The West Indies cricket team toured England in the summer of 2012. The tour comprised three Test matches, three One Day Internationals and one Twenty20 International. One Test was originally awarded to Cardiff, but this was later awarded to Lord's after Glamorgan County Cricket Club were unable to pay their fee for hosting the 2011 Sri Lanka Test in time.

==Squads==

| Tests |  | ODIs |  | T20I |  |
|---|---|---|---|---|---|
| England | West Indies | England | West Indies | England | West Indies |
| Andrew Strauss (c); James Anderson; Jonny Bairstow; Ian Bell; Tim Bresnan; Stuart Broad; Alastair Cook; Steven Finn; Graham Onions; Kevin Pietersen; Matt Prior (wk); Graeme Swann; Jonathan Trott; | Darren Sammy (c); Kirk Edwards (vc); Adrian Barath; Tino Best^{†}; Darren Bravo; Shivnarine Chanderpaul; Narsingh Deonarine; Fidel Edwards; Assad Fudadin; Shannon Gabriel; Sunil Narine^{†}; Kieran Powell; Denesh Ramdin (wk); Ravi Rampaul; Kemar Roach; Marlon Samuels; Shane Shillingford; | Alastair Cook (c); James Anderson; Jonny Bairstow; Ian Bell; Ravi Bopara; Tim Bresnan; Stuart Broad; Jade Dernbach; Steven Finn; Craig Kieswetter (wk); Stuart Meaker^{‡}; Eoin Morgan; Samit Patel; Graeme Swann; James Tredwell^{‡}; Jonathan Trott; Chris Woakes^{*}; | Darren Sammy (c); Dwayne Bravo (vc); Tino Best; Darren Bravo; Johnson Charles; Fidel Edwards; Chris Gayle; Sunil Narine; Kieron Pollard; Denesh Ramdin (wk); Ravi Rampaul; Andre Russell; Marlon Samuels; Lendl Simmons; Dwayne Smith; | Stuart Broad (c); Jonny Bairstow; Ravi Bopara; Tim Bresnan; Danny Briggs; Jos Buttler; Jade Dernbach; Steven Finn; Alex Hales; Craig Kieswetter (wk); Eoin Morgan; Samit Patel; Graeme Swann; |  |

^{†} Tino Best and Sunil Narine replaced the injured Shannon Gabriel and Kemar Roach for the second and third Test matches respectively.

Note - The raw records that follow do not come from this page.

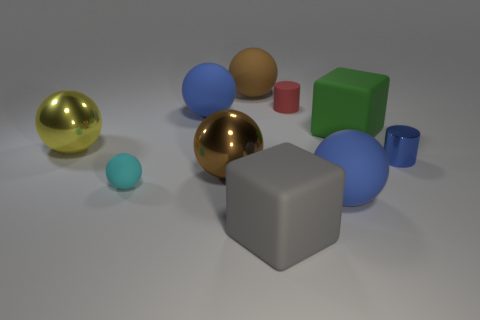Are there the same number of big green things behind the big brown matte ball and blue cylinders?
Your answer should be compact. No. How many metallic spheres have the same size as the gray matte cube?
Your response must be concise. 2. Is there a tiny green rubber object?
Make the answer very short. No. Is the shape of the big brown object that is in front of the big yellow shiny sphere the same as the blue rubber thing that is in front of the large yellow metallic ball?
Offer a terse response. Yes. How many small objects are either blocks or red rubber balls?
Ensure brevity in your answer.  0. There is a red object that is the same material as the green cube; what shape is it?
Keep it short and to the point. Cylinder. Is the big green rubber object the same shape as the cyan matte object?
Provide a succinct answer. No. What color is the small ball?
Give a very brief answer. Cyan. How many objects are either blue shiny spheres or metallic balls?
Offer a very short reply. 2. Are there any other things that are made of the same material as the small red object?
Your response must be concise. Yes. 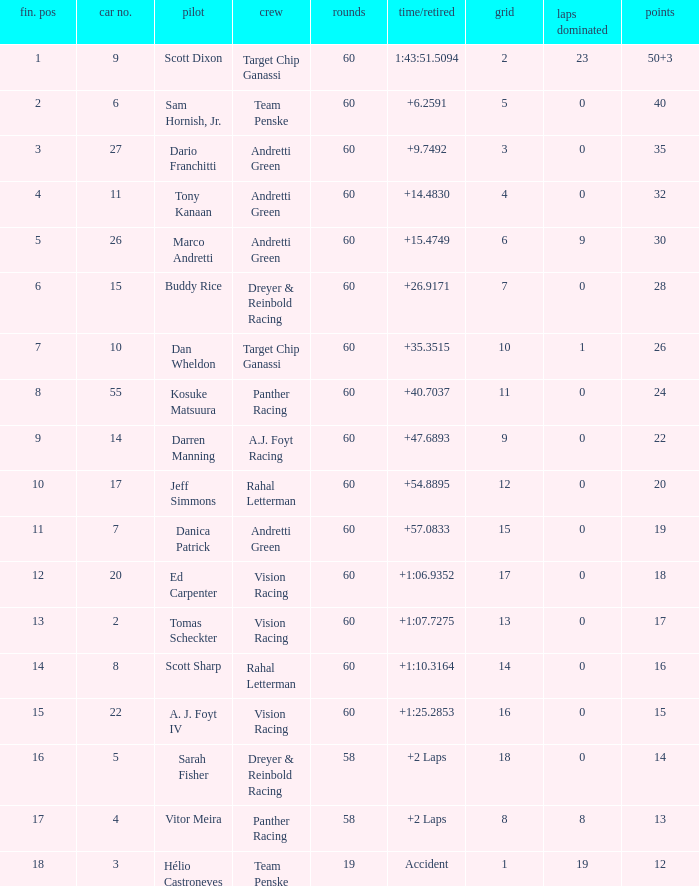Name the drive for points being 13 Vitor Meira. 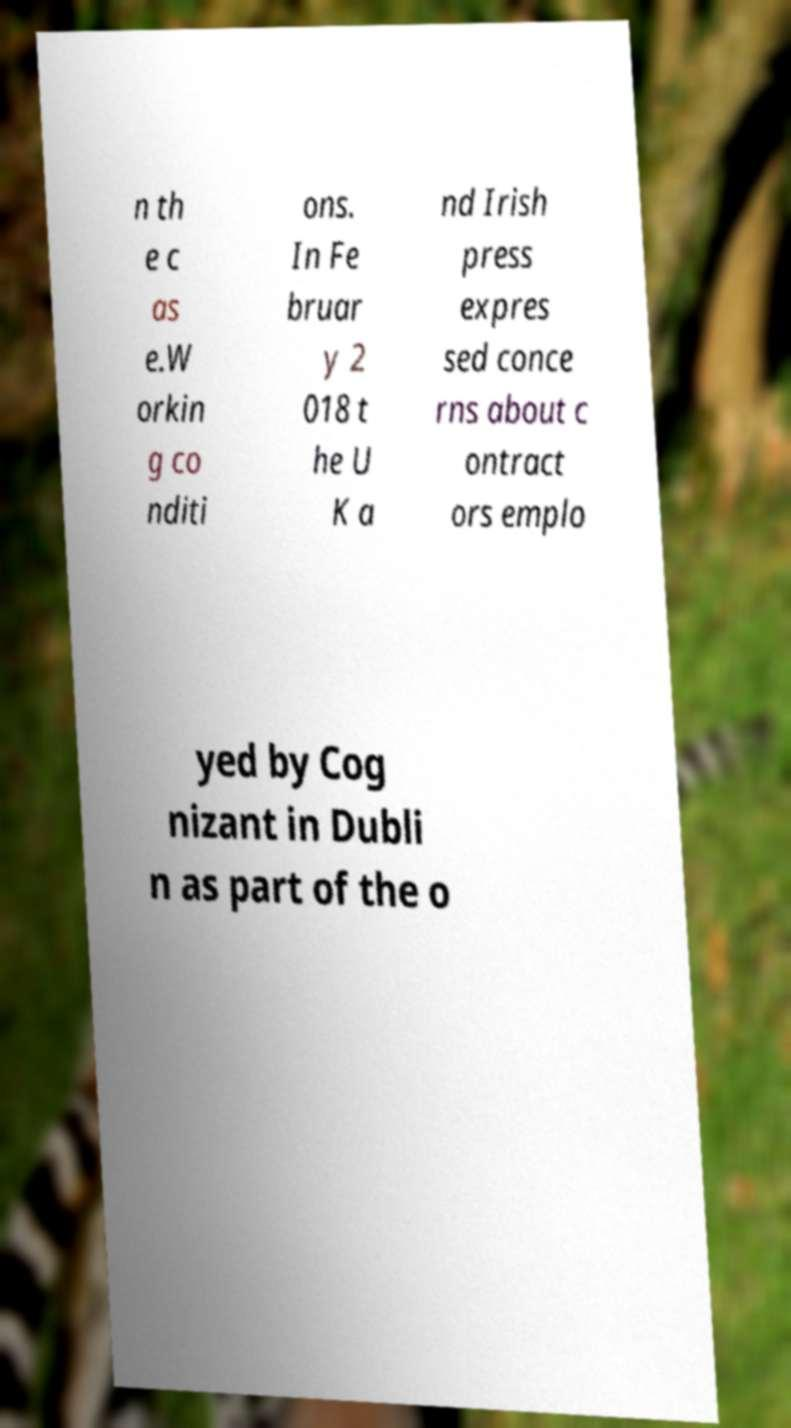Please read and relay the text visible in this image. What does it say? n th e c as e.W orkin g co nditi ons. In Fe bruar y 2 018 t he U K a nd Irish press expres sed conce rns about c ontract ors emplo yed by Cog nizant in Dubli n as part of the o

^{*} Chris Woakes was added to the squad as cover for Jade Dernbach, who was given leave from the second ODI on compassionate grounds, following the death of his Surrey team-mate Tom Maynard.

^{‡} Stuart Meaker and James Tredwell replaced Stuart Broad, Tim Bresnan and Graeme Swann for the third ODI.

==Statistics==

- England
- Andrew Strauss scored his 20th Test century when he scored 122 in the 1st innings of the 1st Test.
- Andrew Strauss scored his 21st Test century when he scored 141 in the 1st innings of the 2nd Test.
- Stuart Broad took his 150th Test wicket in the 1st innings of the 1st Test.
- Tim Bresnan took his 50th Test wicket in the 2nd innings of the 2nd Test.
- Ian Bell scored his 2nd ODI century when he scored 126 in the 1st ODI.
- Alastair Cook scored his 5th ODI century when he scored 112 in the 2nd ODI.

- West Indies
- Marlon Samuels reached 2,000 career Test runs when he scored 117 in the 1st innings of the 2nd Test.
- Marlon Samuels scored his 3rd Test century when he scored 117 in the 1st innings of the 2nd Test.
- Darren Sammy scored his 1st Test century when he scored 106 in the 1st innings of the 2nd Test.
- Shannon Gabriel took his 1st Test wicket when he bowled Matt Prior in the 1st innings of the 1st Test.
- Denesh Ramdin scored his 2nd Test century when he scored 107 not out in the 1st innings of the 3rd Test.
- Tino Best set the record for the highest score by a number 11 batsman when he scored 95 in the 1st innings of the 3rd Test.